In our previous blogs, Iceberg At Adobe, Data ingestion with Buffered writes to Iceberg, and Optimized Reads With Iceberg we understood the benefits of Apache Iceberg and how it fits in the overall Adobe Experience Platform architecture. In this blog, we will share our story of migrating 1 PB+ datasets to Iceberg on Adobe Experience Platform Data Lake, the challenges we faced, and lessons learned.

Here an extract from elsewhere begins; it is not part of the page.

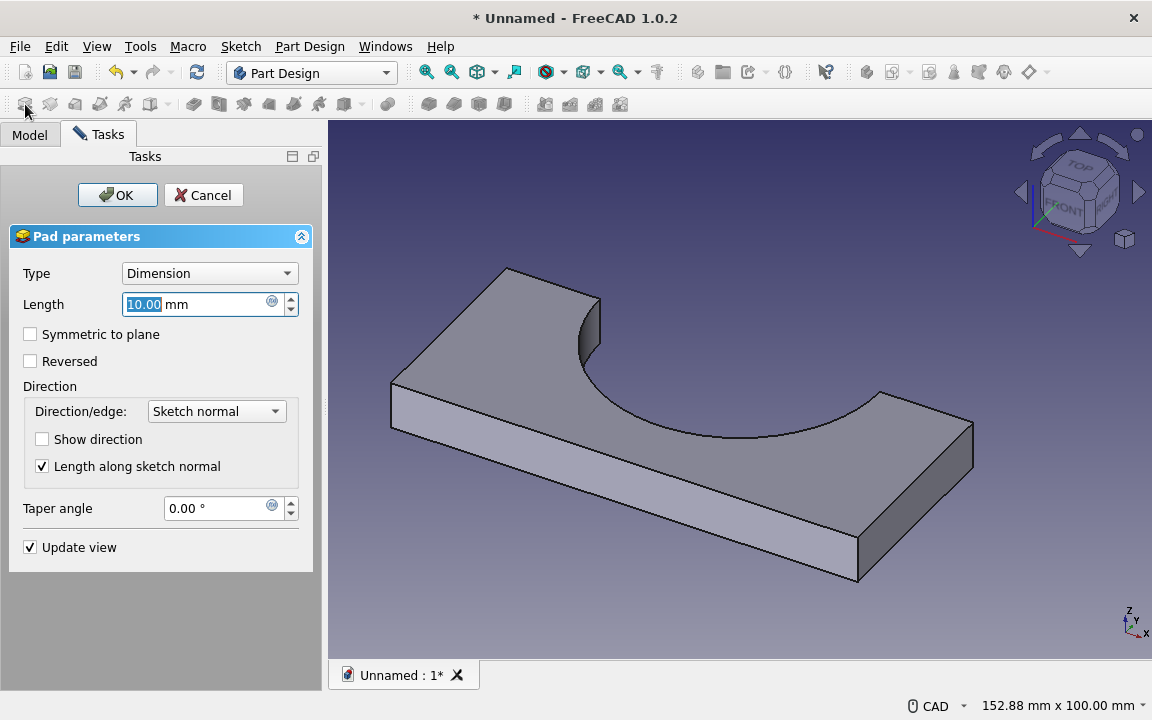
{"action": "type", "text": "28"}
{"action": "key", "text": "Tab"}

Adobe Experience Platform is an open system for driving real-time personalized experiences. Customers use it to centralize and standardize their data across the enterprise resulting in a 360-degree view of their data of interest. That view can then be used with intelligent services to drive experiences across multiple devices, run targeted campaigns, classify profiles and other entities into segments, and leverage advanced analytics. At the center of our Data Lake Architecture is the underlying storage. Data Lake relies on a Hadoop Distributed File System (HDFS) compatible backend for data storage, which today is the cloud-based storage provided by Azure (Azure’s Gen2 Data Lake Service (ADLS)).

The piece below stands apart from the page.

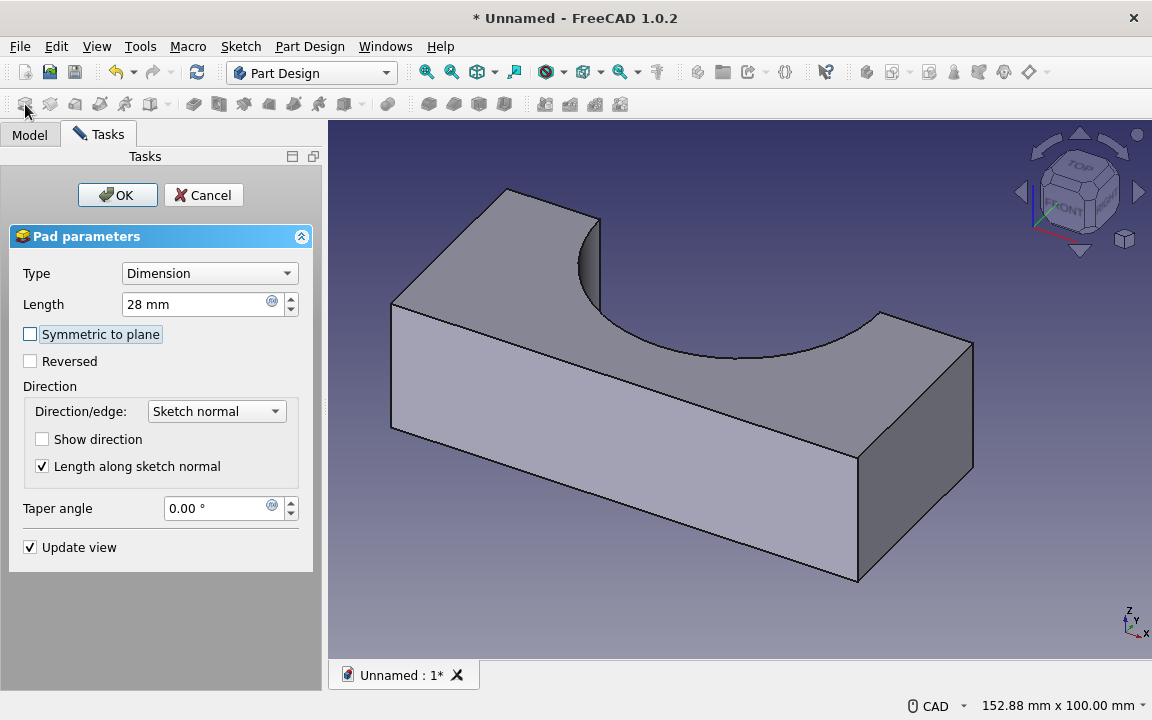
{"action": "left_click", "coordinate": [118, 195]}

Adobe Experience Platform Catalog Service provides a way of listing, searching, and provisioning a DataSet, which is our equivalent of a Table in a Relational Database. It is helpful in providing information such as name, description, schema, and applying for permissions, and all metadata recorded on Adobe Experience Platform. As more data is ingested over time, it becomes difficult to query metadata from Catalog. With the introduction of Iceberg, we see a transitional shift in how metadata is captured and recorded.